Comment: Overall these seem like sensible changes that reflect the changes in claims volumes.  We particularly welcome the comments around the need to strengthen the existing DME Rules on testing the competency of medical experts.

 

Administration Agencies

Part 4 relates to the use of administration agencies.

There has been growing concern about the use of administration agencies, especially those who appear to be operating like MROs outside of the MedCo process. The response acknowledged that there are a variety of administration agency models in the market, ranging from those carrying out simple administration tasks to those carrying out more complex management functions akin to a MRO. There was support for the idea that administration agencies should be audited by MedCo with the MoJ noting: “The government agrees that if AAs are operating as de-facto MROs, logically it is appropriate that they should be held to the same standards, criteria and financial commitments as existing MROs registered on MedCo.”

It is accepted that administration agencies should be audited, and the MoJ has committed to working with MedCo to come up with a range of QC that MedCo can audit against that reflect the different types of support activities that different administration agencies provide.

Comment: We welcome the news that administration agencies are to be brought within MedCo’s remit. There are many agencies in existence that are providing a vital service to medical experts.  Others who are operating more like MROs should not be allowed to continue to do so without accountability, oversight and the need to comply with MedCo Rules.

 

Fixed Cost Medical Reports

Part 5 relates to the fees for Fixed Cost Medical Reports.

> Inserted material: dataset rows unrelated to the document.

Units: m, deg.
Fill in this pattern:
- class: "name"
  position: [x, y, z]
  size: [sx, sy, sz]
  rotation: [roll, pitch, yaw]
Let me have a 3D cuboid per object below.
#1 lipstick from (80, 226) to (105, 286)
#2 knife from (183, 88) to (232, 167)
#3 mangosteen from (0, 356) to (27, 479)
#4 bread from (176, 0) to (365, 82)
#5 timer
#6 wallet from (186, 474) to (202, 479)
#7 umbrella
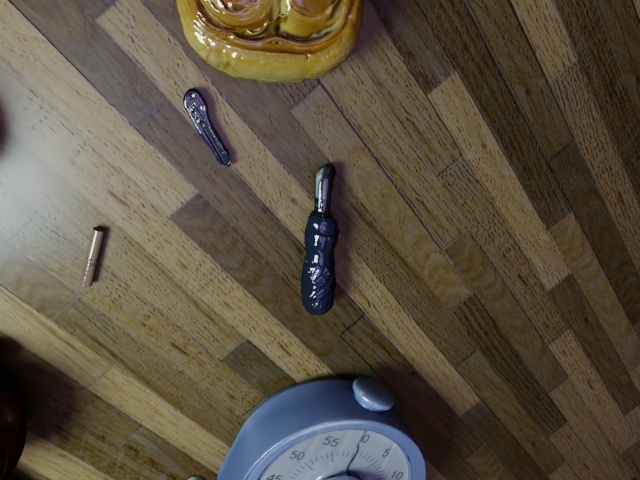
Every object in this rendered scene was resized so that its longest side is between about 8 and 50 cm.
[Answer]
- class: "lipstick"
  position: [-0.346, 0.025, 0.665]
  size: [0.018, 0.019, 0.094]
  rotation: [15, 106, -19]
- class: "knife"
  position: [-0.163, -0.162, 0.641]
  size: [0.031, 0.018, 0.121]
  rotation: [-28, 116, -1]
- class: "mangosteen"
  position: [-0.539, 0.257, 0.619]
  size: [0.215, 0.215, 0.258]
  rotation: [-1, 76, -14]
- class: "bread"
  position: [-0.060, -0.305, 0.557]
  size: [0.235, 0.120, 0.199]
  rotation: [-1, 109, -13]
- class: "timer"
  position: [0.021, 0.436, 0.831]
  size: [0.394, 0.173, 0.395]
  rotation: [-4, 111, -11]
- class: "wallet"
  position: [-0.326, 0.625, 0.873]
  size: [0.309, 0.077, 0.223]
  rotation: [-29, 115, 1]
- class: "umbrella"
  position: [-0.005, 0.001, 0.723]
  size: [0.070, 0.071, 0.249]
  rotation: [-4, 107, -13]
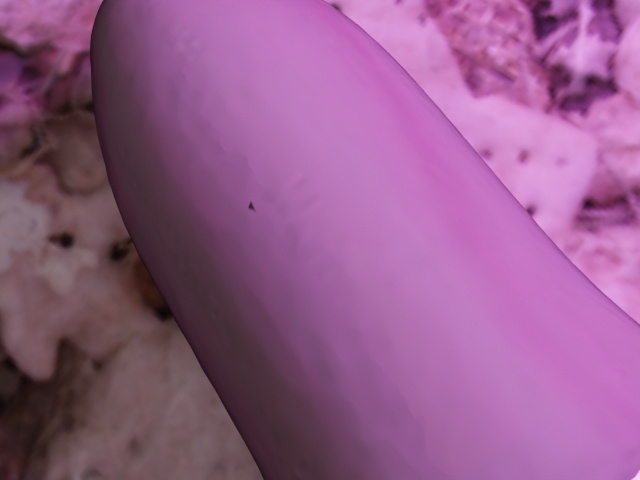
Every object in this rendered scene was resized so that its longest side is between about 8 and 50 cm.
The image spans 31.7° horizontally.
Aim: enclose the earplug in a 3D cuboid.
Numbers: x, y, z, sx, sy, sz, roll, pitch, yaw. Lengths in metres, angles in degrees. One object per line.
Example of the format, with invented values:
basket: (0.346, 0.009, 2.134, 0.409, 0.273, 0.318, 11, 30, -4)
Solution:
earplug: (0.000, 0.000, 0.449, 0.172, 0.172, 0.301, -36, 70, 1)
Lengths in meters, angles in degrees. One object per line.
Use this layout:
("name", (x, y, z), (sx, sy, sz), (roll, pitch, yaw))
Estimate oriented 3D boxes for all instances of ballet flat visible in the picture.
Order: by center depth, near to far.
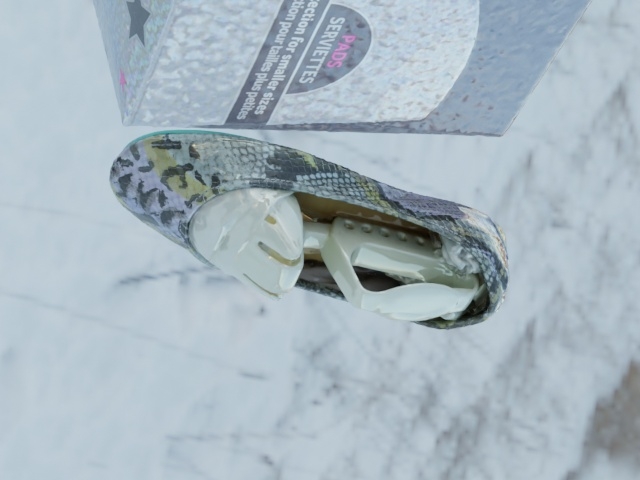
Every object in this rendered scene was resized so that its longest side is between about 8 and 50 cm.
("ballet flat", (0.000, 0.000, 0.455), (0.041, 0.114, 0.041), (-166, -90, -72))

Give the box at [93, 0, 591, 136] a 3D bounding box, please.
("box", (0.023, -0.161, 0.570), (0.247, 0.163, 0.142), (119, -38, -47))
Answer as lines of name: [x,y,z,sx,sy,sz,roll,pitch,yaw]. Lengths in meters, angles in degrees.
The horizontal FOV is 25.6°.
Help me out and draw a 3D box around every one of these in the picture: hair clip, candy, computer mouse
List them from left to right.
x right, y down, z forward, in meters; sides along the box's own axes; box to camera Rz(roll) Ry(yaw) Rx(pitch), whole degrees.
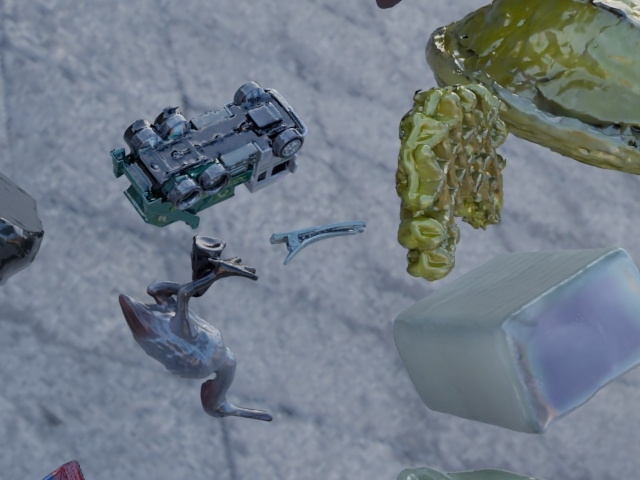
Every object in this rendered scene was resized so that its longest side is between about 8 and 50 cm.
computer mouse: [-0.320,-0.020,1.246,0.138,0.086,0.270,37,2,-19]
hair clip: [0.000,0.000,1.670,0.115,0.030,0.039,-13,80,-12]
candy: [0.241,0.113,1.690,0.145,0.208,0.359,61,-15,-7]

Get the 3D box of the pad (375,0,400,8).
pad: [0.096,-0.334,1.292,0.004,0.181,0.267,30,30,-30]

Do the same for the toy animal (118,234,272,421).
toy animal: [-0.176,0.151,2.006,0.195,0.324,0.090,-8,30,-6]

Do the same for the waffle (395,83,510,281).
waffle: [0.103,-0.049,1.109,0.051,0.148,0.194,5,8,22]

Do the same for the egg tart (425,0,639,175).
egg tart: [0.269,-0.165,1.307,0.345,0.132,0.345,16,20,-6]

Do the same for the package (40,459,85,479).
package: [-0.356,0.329,1.614,0.200,0.022,0.083,-22,98,-23]

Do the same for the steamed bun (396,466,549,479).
steamed bun: [0.171,0.442,1.590,0.352,0.339,0.247,10,29,-8]

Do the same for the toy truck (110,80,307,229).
toy truck: [-0.127,-0.086,1.594,0.216,0.116,0.110,-26,63,-27]

The fixed cost medical report scheme was introduced in 2014 and the fees have remained unchanged since then, so, for example, a first medical report is fixed at £180 (+ VAT where appropriate). The figures proposed in the consultation paper increased (for example) the fee for the first medical report to £210  (+ VAT where appropriate). The principle that there should be an increase is now in place and that the increase should be calculated by reference to the Services Producer Price Inflation (SPPI). The final figure is not yet known as the MoJ indicate that due to the passage of time it will need to be recalculated and they will consult again on the new figures before the change is implemented.

Comment: The response does not make it clear what index within SPPI (and there are several) is being applied. This could make a significant difference to the figures.

 

Official Injury Claim (OIC) medical reporting process

Part 6 relates to the Official Injury Claim medical reporting process.

The MoJ has confirmed that represented claimants must now wait for the defendant’s response on liability before obtaining medical evidence – as is already the position for unrepresented claimants. They will also work with stakeholders to explore the development of options for aligning the processes for obtaining medical reports, so that represented and unrepresented claimants follow the same medical reporting journey. They will also work with MedCo on the accreditation requirements for experts to ensure that they are complying with the requirements of the pre-action protocol.

Comment: There will be benefit in this change. The delay to claimants will not be significant and it should go some way to ensuring that experts have all of the information they need (including the defendant’s version of events). It is disappointing that the processes are not to be fully aligned, but we welcome the MoJ’s commitment to working with stakeholders to explore the development of an aligned process.